Et historiquement pour les États-Unis l’Asie demeure un échec assez global, guerre de Corée exceptée (1953). Depuis 1975, les États-Unis ne cessent pas de connaitre des échecs cuisants en Asie sauf en 1991 (Koweït) et 2003 (Irak). Depuis 2001/2003, le gouvernement américain, démocrate/républicain, a claqué pas loin de 5000 milliards de dollars, a corrompu à tout va et a échoué à bâtir une start-up nation devant reconfigurer l’Asie orientale, un projet fondamental aux yeux des néo-conservateurs américains.
A la différence de la Russie, quoique battue en Afghanistan, est tout à fait dans des relations asiatiques et même souhaiteraient, logiquement, les contrebalancer par des rapprochement avec l’Europe ce que bêtement nous leur refusons, les États-Unis garde le côté occupant dans une Asie qui s’émancipe, "s’asiatise" via, notamment, la Chine dont on peut établir le début au sommet de Bandung de 1955 avec, alors, pour poids lourds, Mao, Nehru et Soekarno. Cela ne veut pas dire que la Chine régentera l’Asie, cela indique que l’indépendance asiatique est une dynamique en route.
A travers la chute de Kaboul, se profilent les limites de l’hyperpuissance américaine qui peut avoir tous les dollars au monde, des centaines de bases et tout ce qui va avec, il n’empêche que celle-ci se heurte à un mur : en 2024, Pékin aura son indépendance Internet et avec elle, croyez-moi, toute l’Asie suivra….

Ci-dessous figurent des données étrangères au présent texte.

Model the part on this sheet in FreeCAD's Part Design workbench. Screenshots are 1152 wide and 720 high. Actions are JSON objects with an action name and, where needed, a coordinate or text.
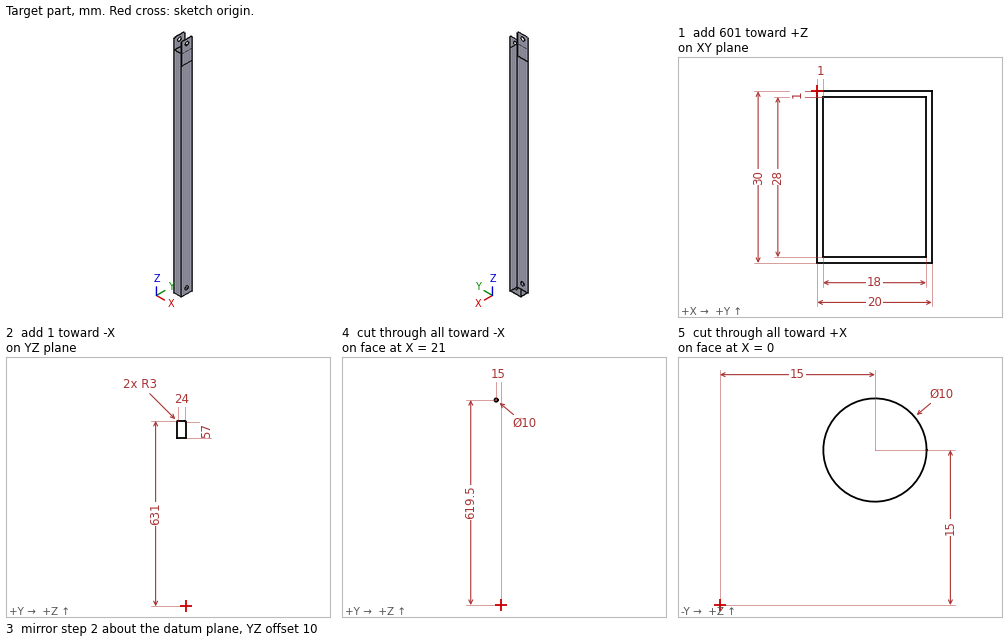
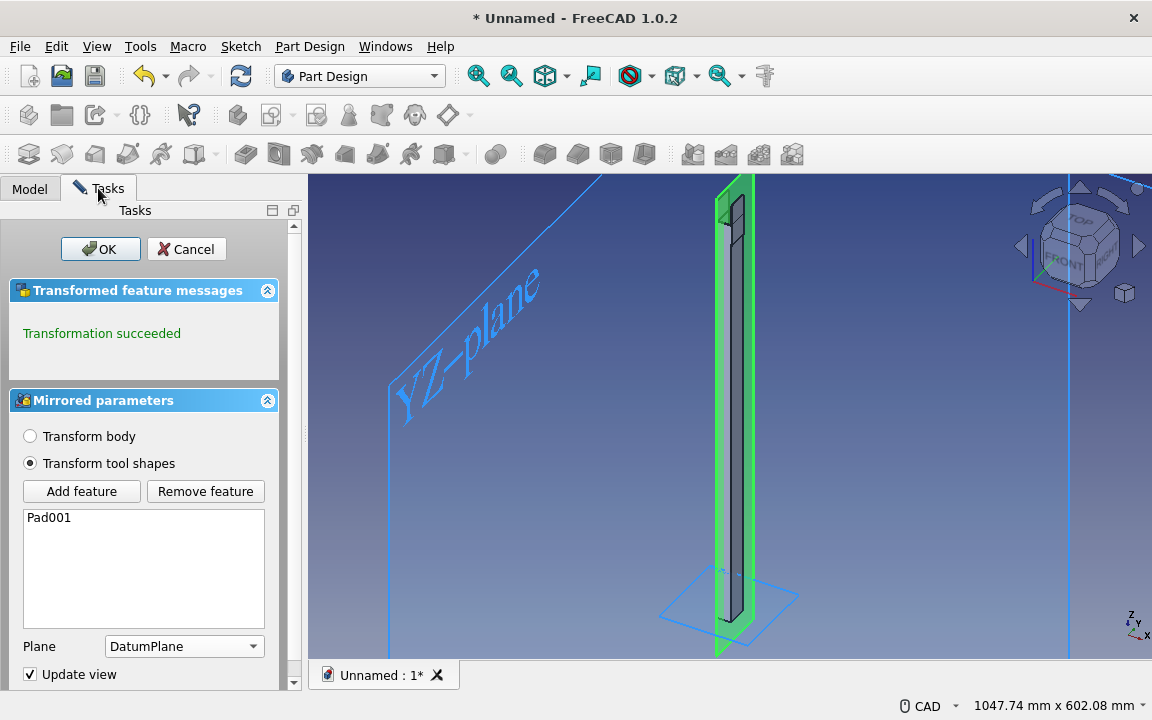
{"action": "left_click", "coordinate": [101, 249]}

Le vent de Kaboul balaie le Zéphyr…….
Notes complémentaires de la part d'un lecteur anonyme:
Quelques remarques par ailleurs : la première
guerre du Golfe avait le soutien de tous les gouvernements donc pas de
problèmes diplomatiques,
Le résultat de l'intervention de 2003 n'est pas franchement une réussite pour
les USA
Le négociateur taliban des accords de Doha avait été sorti de taule par les
pakistanais pour l'occasion,
Mike Pompeo avait écrit d'avance le scénario. Simplement le scénario prévoyait
une transition plus longue mais l'armée afghane a implosé.
D’ailleurs, les Talibans sont eux-mêmes un peu pris de vitesse,
Manifestement, après la panique d'hier, les départs s'organisent
aujourd'hui sans la moindre intervention des Talibans pour le moment.